Vous le savez, toutes ces années où j’étais à l’antenne, j’ai tenu à un engagement humaniste. La recherche de la paix, la compréhension de la culture de l’autre et de ce qui est commun entre nous, la promotion de la dignité, de la valeur unique et intrinsèque de chacun ont toujours été au coeur de mes analyses, ni pour autant naïves, ni pour autant aveugles. Et ce que je prônais à l’antenne, j’essayais de le vivre au plus près de mes engagements, pour la culture et pour le social. J’ai été distribuer des ftours à d’autres ramadans, j’ai travaillé presque quotidiennement à Sidi Moumen pendant des mois et des années à essayer d’y concevoir des projets, de comprendre les besoins, les enjeux, les modes de vie des ces gens juste à ma porte et à des années-lumières des lumières tamisées du micro. J’ai été discuter dans des universités avec l’avenir de ce pays ; j’ai écouté les artistes, les musiciens, les ministres, parfois et les intellectuels me raconter ses racines. J’ai défendu mes idées, tenté de mettre en valeur les écrivains, les chercheurs et les penseurs marocains comme étrangers, dans l’espoir de créer toujours plus de ponts.

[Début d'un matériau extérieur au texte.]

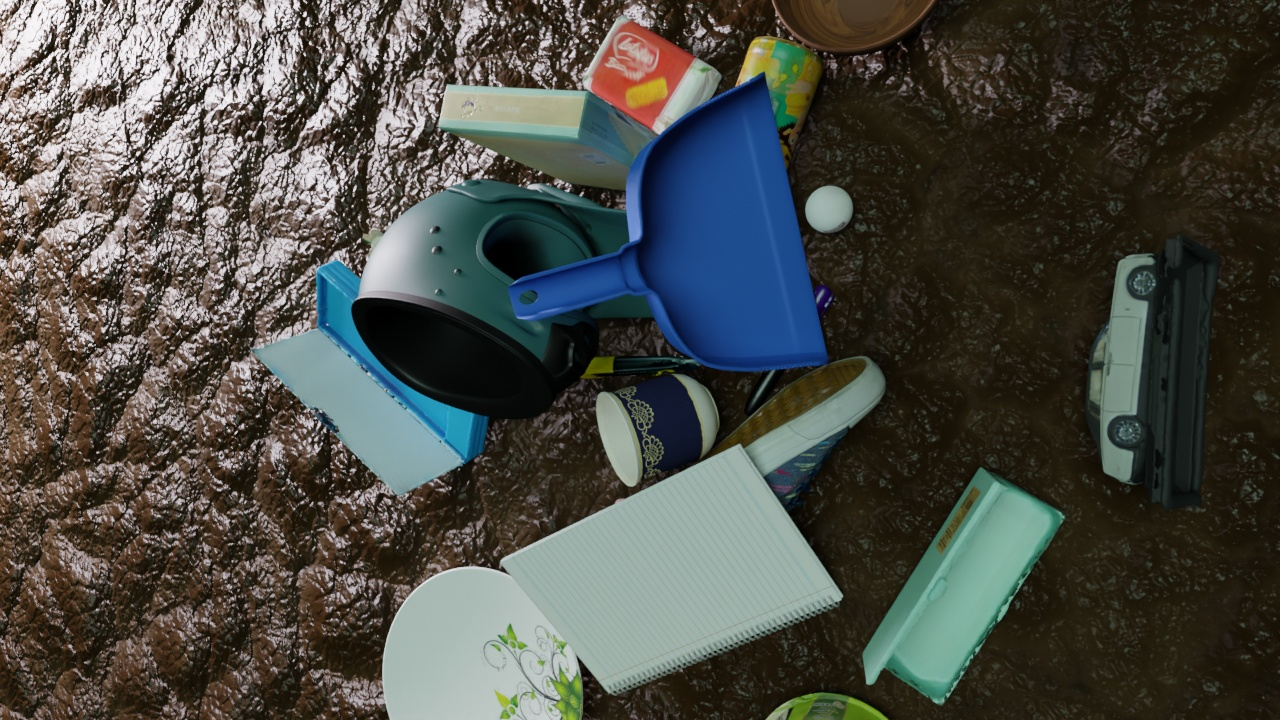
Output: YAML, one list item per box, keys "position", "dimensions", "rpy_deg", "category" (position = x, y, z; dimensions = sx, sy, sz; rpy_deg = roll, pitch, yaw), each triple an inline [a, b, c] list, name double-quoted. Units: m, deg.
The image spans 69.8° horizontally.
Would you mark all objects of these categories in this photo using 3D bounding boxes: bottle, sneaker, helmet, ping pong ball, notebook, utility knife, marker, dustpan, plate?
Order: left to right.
- position: [-0.154, 0.318, 0.910]
  dimensions: [0.230, 0.030, 0.229]
  rpy_deg: [-1, 87, 23]
  category: "plate"
- position: [-0.110, -0.067, 0.821]
  dimensions: [0.275, 0.176, 0.199]
  rpy_deg: [12, 51, 30]
  category: "helmet"
- position: [-0.005, 0.005, 0.824]
  dimensions: [0.173, 0.028, 0.020]
  rpy_deg: [-4, 79, 50]
  category: "utility knife"
- position: [0.021, -0.081, 0.721]
  dimensions: [0.257, 0.059, 0.245]
  rpy_deg: [-17, 100, -13]
  category: "dustpan"
- position: [0.026, 0.193, 0.800]
  dimensions: [0.246, 0.013, 0.178]
  rpy_deg: [-28, 109, 20]
  category: "notebook"
- position: [0.094, -0.170, 0.804]
  dimensions: [0.068, 0.068, 0.210]
  rpy_deg: [22, 97, 22]
  category: "bottle"
- position: [0.120, 0.088, 0.788]
  dimensions: [0.236, 0.087, 0.079]
  rpy_deg: [-39, 100, 18]
  category: "sneaker"
- position: [0.130, -0.007, 0.810]
  dimensions: [0.018, 0.015, 0.134]
  rpy_deg: [34, 101, 18]
  category: "marker"
- position: [0.162, -0.130, 0.788]
  dimensions: [0.040, 0.040, 0.040]
  rpy_deg: [-1, 87, 23]
  category: "ping pong ball"

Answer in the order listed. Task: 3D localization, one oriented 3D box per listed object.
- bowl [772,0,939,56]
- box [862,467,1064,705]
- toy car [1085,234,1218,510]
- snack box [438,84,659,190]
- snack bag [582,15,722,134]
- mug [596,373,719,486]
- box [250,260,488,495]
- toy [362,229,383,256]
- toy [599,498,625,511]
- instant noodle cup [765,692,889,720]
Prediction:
- position: [0.187, -0.320, 0.769]
  dimensions: [0.147, 0.068, 0.147]
  rpy_deg: [-1, 87, 22]
  category: "bowl"
- position: [0.246, 0.180, 0.712]
  dimensions: [0.077, 0.092, 0.188]
  rpy_deg: [34, 100, 22]
  category: "box"
- position: [0.373, 0.009, 0.678]
  dimensions: [0.071, 0.094, 0.191]
  rpy_deg: [4, 90, 44]
  category: "toy car"
- position: [-0.056, -0.185, 0.793]
  dimensions: [0.142, 0.193, 0.044]
  rpy_deg: [13, 92, 30]
  category: "snack box"
- position: [0.009, -0.263, 0.861]
  dimensions: [0.116, 0.036, 0.077]
  rpy_deg: [37, 102, 20]
  category: "snack bag"
- position: [0.015, 0.058, 0.823]
  dimensions: [0.089, 0.112, 0.085]
  rpy_deg: [-17, 86, -19]
  category: "mug"
- position: [-0.273, 0.017, 0.918]
  dimensions: [0.243, 0.115, 0.094]
  rpy_deg: [39, 137, 20]
  category: "box"
- position: [-0.245, -0.087, 0.953]
  dimensions: [0.087, 0.050, 0.112]
  rpy_deg: [-12, 105, 23]
  category: "toy"
- position: [-0.016, 0.182, 0.849]
  dimensions: [0.096, 0.041, 0.109]
  rpy_deg: [22, 102, 9]
  category: "toy"
- position: [0.149, 0.354, 0.742]
  dimensions: [0.146, 0.097, 0.146]
  rpy_deg: [-1, 87, 23]
  category: "instant noodle cup"
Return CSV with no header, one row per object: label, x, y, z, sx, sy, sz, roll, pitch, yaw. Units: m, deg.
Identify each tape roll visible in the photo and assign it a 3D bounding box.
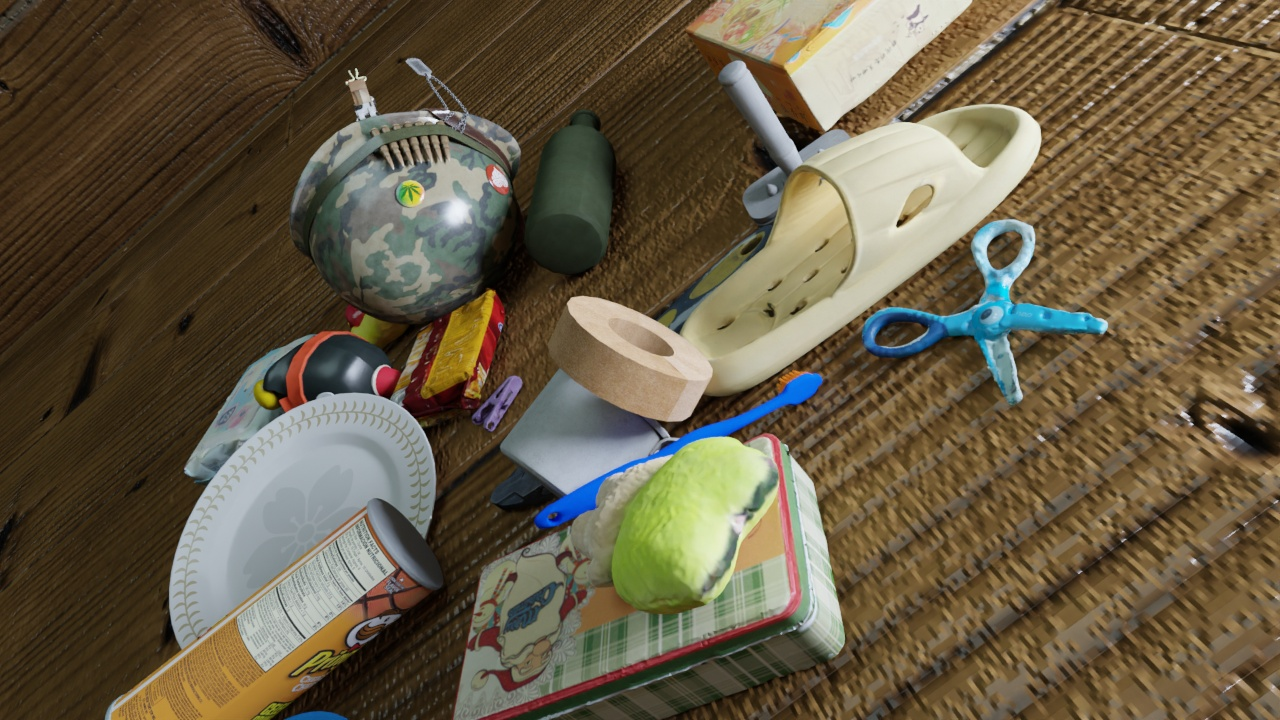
tape roll,-0.006,-0.002,0.534,0.027,0.094,0.094,-63,29,18

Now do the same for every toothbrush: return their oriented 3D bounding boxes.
toothbrush,0.022,0.049,0.521,0.182,0.016,0.018,-27,25,-6

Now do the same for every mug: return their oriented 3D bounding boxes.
mug,-0.023,0.057,0.554,0.113,0.084,0.070,32,78,23

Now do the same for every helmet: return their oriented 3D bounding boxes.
helmet,-0.217,-0.153,0.872,0.224,0.193,0.236,-38,68,-16

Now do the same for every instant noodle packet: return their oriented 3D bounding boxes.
instant noodle packet,-0.165,0.002,0.791,0.099,0.039,0.135,-29,32,25

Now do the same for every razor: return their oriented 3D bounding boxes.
razor,0.090,-0.157,0.633,0.088,0.116,0.047,-33,39,14

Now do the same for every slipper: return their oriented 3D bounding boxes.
slipper,0.115,-0.085,0.564,0.261,0.079,0.111,-41,30,4

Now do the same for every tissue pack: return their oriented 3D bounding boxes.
tissue pack,-0.370,0.050,0.924,0.112,0.070,0.181,-22,38,30

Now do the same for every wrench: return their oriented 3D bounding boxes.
wrench,-0.004,0.004,0.636,0.273,0.022,0.073,-43,34,1

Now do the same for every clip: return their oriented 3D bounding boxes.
clip,-0.116,0.035,0.727,0.046,0.014,0.050,-14,46,40

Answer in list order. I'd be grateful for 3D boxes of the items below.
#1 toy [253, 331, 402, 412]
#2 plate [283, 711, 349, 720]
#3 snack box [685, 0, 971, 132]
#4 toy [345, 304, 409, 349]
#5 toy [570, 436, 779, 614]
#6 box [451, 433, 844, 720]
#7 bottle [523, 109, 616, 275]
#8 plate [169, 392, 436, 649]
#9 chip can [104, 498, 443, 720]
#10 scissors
toy,-0.270,0.021,0.831,0.119,0.097,0.099,-7,43,39
plate,-0.221,0.312,0.514,0.225,0.024,0.223,-28,36,22
snack box,0.143,-0.266,0.733,0.145,0.080,0.195,-41,33,3
toy,-0.275,-0.065,0.971,0.106,0.067,0.137,-29,48,25
toy,0.011,0.075,0.435,0.115,0.046,0.092,-7,44,52
box,-0.002,0.125,0.476,0.206,0.050,0.117,-26,37,22
bottle,-0.059,-0.166,0.840,0.072,0.071,0.206,-26,37,24
plate,-0.264,0.134,0.720,0.243,0.016,0.242,-12,54,17
chip can,-0.240,0.188,0.611,0.215,0.075,0.075,-38,33,-2
scissors,0.174,-0.022,0.491,0.134,0.012,0.133,-23,39,26

Mais, soyons honnêtes cinq minutes : ça ne suffit pas, ça ne change rien et j’ai beau m’égosiller, et même m’agiter sur le terrain, on n’est pas éblouis par les progrès de l’humanisme dial l’bled.


En même temps, un coup d’oeil aux européennes suffit pour se dire que ce n’est pas non plus dans mon pays d’origine que je vais m’épanouir et cesser de n’être qu’une Don Quichotte s’acharnant sur d’autres moulins à paroles tout aussi impuissants, parce qu’il est dur d’analyser et d’assister sans rien faire à ce qu’il faut bien appeler une terrible détérioration du vivre-ensemble. Les Etats-Unis, khalas ! L’enfer sur terre. Quant à la Chine, elle ne déroge pas aux bonnes vieilles méthodes de la Révolution Culturelle- après tout, elles ont fait leurs preuves. Alors ça fiche, ça note, ça redresse du musulman et ça détruit des mosquées, dans la bonne humeur et le bruit des Iphones piétinés de conserve.

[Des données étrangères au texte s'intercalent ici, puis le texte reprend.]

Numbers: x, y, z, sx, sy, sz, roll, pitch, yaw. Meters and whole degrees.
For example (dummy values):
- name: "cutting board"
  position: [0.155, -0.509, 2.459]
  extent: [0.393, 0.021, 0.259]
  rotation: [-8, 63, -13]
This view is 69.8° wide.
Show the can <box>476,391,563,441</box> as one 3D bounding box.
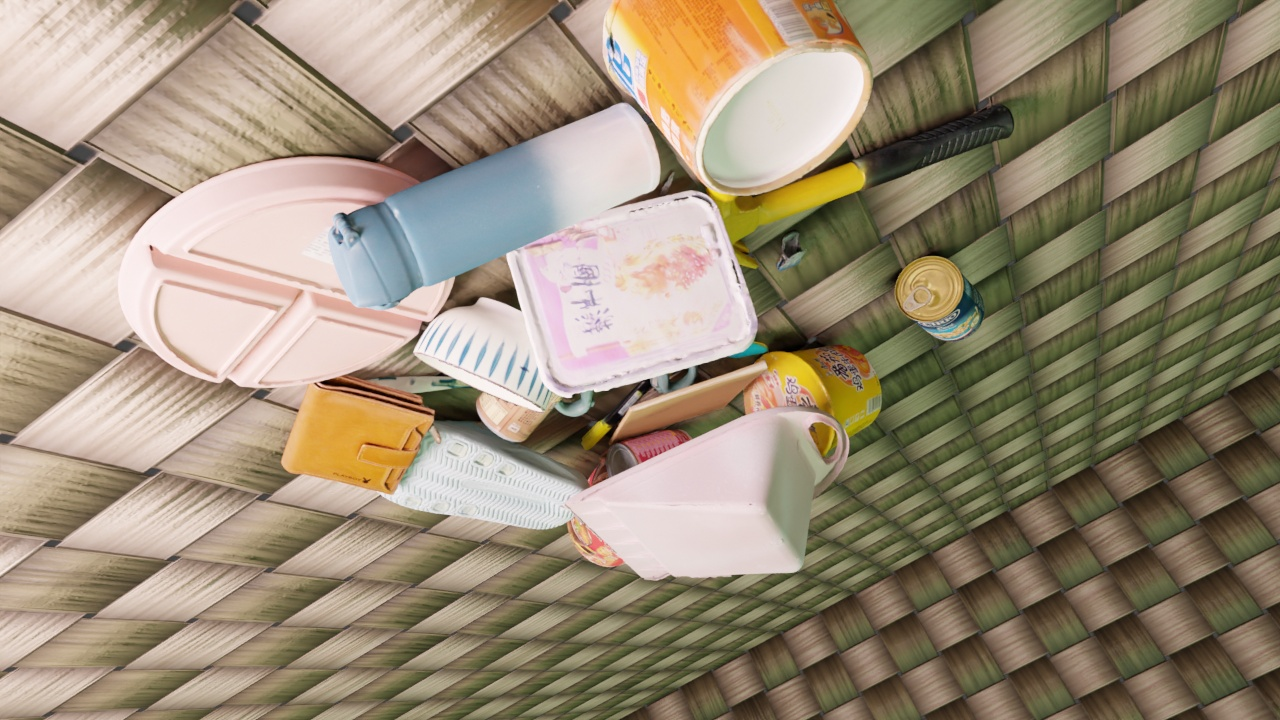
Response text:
- name: "can"
  position: [-0.093, 0.015, 0.827]
  extent: [0.116, 0.058, 0.058]
  rotation: [-48, 147, 15]

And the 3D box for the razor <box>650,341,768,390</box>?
- name: "razor"
  position: [0.074, -0.002, 0.988]
  extent: [0.132, 0.028, 0.043]
  rotation: [-14, 139, -10]

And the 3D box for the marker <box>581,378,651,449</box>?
- name: "marker"
  position: [-0.028, 0.059, 1.029]
  extent: [0.018, 0.015, 0.124]
  rotation: [6, 136, -47]

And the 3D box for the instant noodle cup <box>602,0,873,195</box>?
- name: "instant noodle cup"
  position: [0.065, -0.184, 0.575]
  extent: [0.151, 0.111, 0.152]
  rotation: [-20, 152, -12]

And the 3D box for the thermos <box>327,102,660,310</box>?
- name: "thermos"
  position: [-0.094, -0.101, 0.602]
  extent: [0.220, 0.070, 0.070]
  rotation: [-27, 154, -17]

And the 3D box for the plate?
- name: "plate"
  position: [-0.236, -0.050, 0.646]
  extent: [0.229, 0.028, 0.230]
  rotation: [-20, 151, -12]

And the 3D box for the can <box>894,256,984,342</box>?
- name: "can"
  position: [0.347, -0.069, 1.056]
  extent: [0.075, 0.075, 0.111]
  rotation: [-37, 151, 21]

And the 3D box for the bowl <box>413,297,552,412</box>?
- name: "bowl"
  position: [-0.118, -0.010, 0.749]
  extent: [0.066, 0.116, 0.116]
  rotation: [-67, 152, -10]

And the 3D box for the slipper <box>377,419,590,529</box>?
- name: "slipper"
  position: [-0.157, 0.108, 0.932]
  extent: [0.245, 0.074, 0.104]
  rotation: [22, 122, -34]

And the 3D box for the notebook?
- name: "notebook"
  position: [0.045, 0.051, 1.013]
  extent: [0.149, 0.012, 0.212]
  rotation: [-18, 169, -12]

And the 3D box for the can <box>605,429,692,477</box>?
- name: "can"
  position: [0.015, 0.120, 1.089]
  extent: [0.093, 0.066, 0.067]
  rotation: [-12, 150, -35]

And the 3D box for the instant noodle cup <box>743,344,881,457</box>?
- name: "instant noodle cup"
  position: [0.209, 0.044, 1.085]
  extent: [0.109, 0.138, 0.138]
  rotation: [-17, 153, -36]

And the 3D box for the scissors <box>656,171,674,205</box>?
- name: "scissors"
  position: [-0.005, -0.092, 0.788]
  extent: [0.160, 0.014, 0.180]
  rotation: [-40, 147, 21]

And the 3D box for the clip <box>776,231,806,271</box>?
- name: "clip"
  position: [0.148, -0.102, 0.890]
  extent: [0.024, 0.027, 0.056]
  rotation: [-21, 162, -7]

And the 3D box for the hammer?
- name: "hammer"
  position: [0.190, -0.162, 0.805]
  extent: [0.300, 0.032, 0.129]
  rotation: [-21, 153, -8]

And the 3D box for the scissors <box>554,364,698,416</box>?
- name: "scissors"
  position: [-0.005, 0.005, 0.924]
  extent: [0.180, 0.019, 0.171]
  rotation: [8, 135, -27]

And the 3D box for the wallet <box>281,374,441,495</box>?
- name: "wallet"
  position: [-0.243, 0.067, 0.807]
  extent: [0.119, 0.035, 0.131]
  rotation: [20, 134, -17]

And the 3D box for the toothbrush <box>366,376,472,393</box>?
- name: "toothbrush"
  position: [-0.167, 0.020, 0.840]
  extent: [0.191, 0.016, 0.018]
  rotation: [-3, 180, -35]

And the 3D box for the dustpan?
- name: "dustpan"
  position: [0.087, 0.142, 1.009]
  extent: [0.274, 0.138, 0.222]
  rotation: [-3, 146, 22]

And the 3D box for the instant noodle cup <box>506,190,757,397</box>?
- name: "instant noodle cup"
  position: [-0.008, -0.048, 0.727]
  extent: [0.173, 0.138, 0.060]
  rotation: [-16, 169, -9]

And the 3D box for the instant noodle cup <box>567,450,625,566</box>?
- name: "instant noodle cup"
  position: [-0.020, 0.190, 1.142]
  extent: [0.137, 0.137, 0.109]
  rotation: [-6, 155, -33]

Mais où trouver, la paix ET LA TENDRESSE, BORDEL ?


Parce que je l’ai crié des années, j’ai tenté de le changer un sourire à la fois des années, un livre, une conférence, une discussion à la fois, mais on ne peut pas vivre comme ça ; à regarder les gens mourir noyés aux frontières ou bien de misère, à se dire qu’ils sont pas comme nous, qu’ils sont pas fréquentables et qu’ils sont indécents tant ils sont différents. On ne peut pas vivre non plus comme des rouages remplaçables à loisir, à date de péremption estampillée sur les diplômes, sur les passeports (qui ne passent plus grand-chose), performants, productifs, capables d’évaluer notre plus-value pour justifier le coût exorbitant que notre misérable subsistance fait peser sur l’équilibre fragile de cet indicateur économique tout puissant qu’est la santé de l’entreprise. On ne peut plus, c’est pas humain, c’est aberrant, absurde, arbitraire. Je comprends les Gilets Jaunes, oh, comme je les comprends, tous les révoltés du monde, à Paris ou à Al Hoceima. Et j’y peux quoi, moi, à prédire apocalypse et pluie de grenouilles tous les matins, sur Luxe Radio ? Vous croyez qu’un petit pain que j’aurais donné changera le monde ? Non, bien sûr. N’y a-t-il plus d’espoir ?


Je vous jure que parfois, lorsque des événements personnels vous obligent au recul, il vous arrive sur le coin de la tête une avalanche de réalisations. Et la première d’entre elles pour moi, celle qui fait que je ne vous reviendrai pas – et que j’espère, quelque part, au moins virtuellement vous entraîner avec moi, c’est que ma vie, pour pleine, satisfaisante, oh combien valorisante que je menais de journaliste, d’intellectuelle respectée ne valait pas un clou face à la tempête à venir.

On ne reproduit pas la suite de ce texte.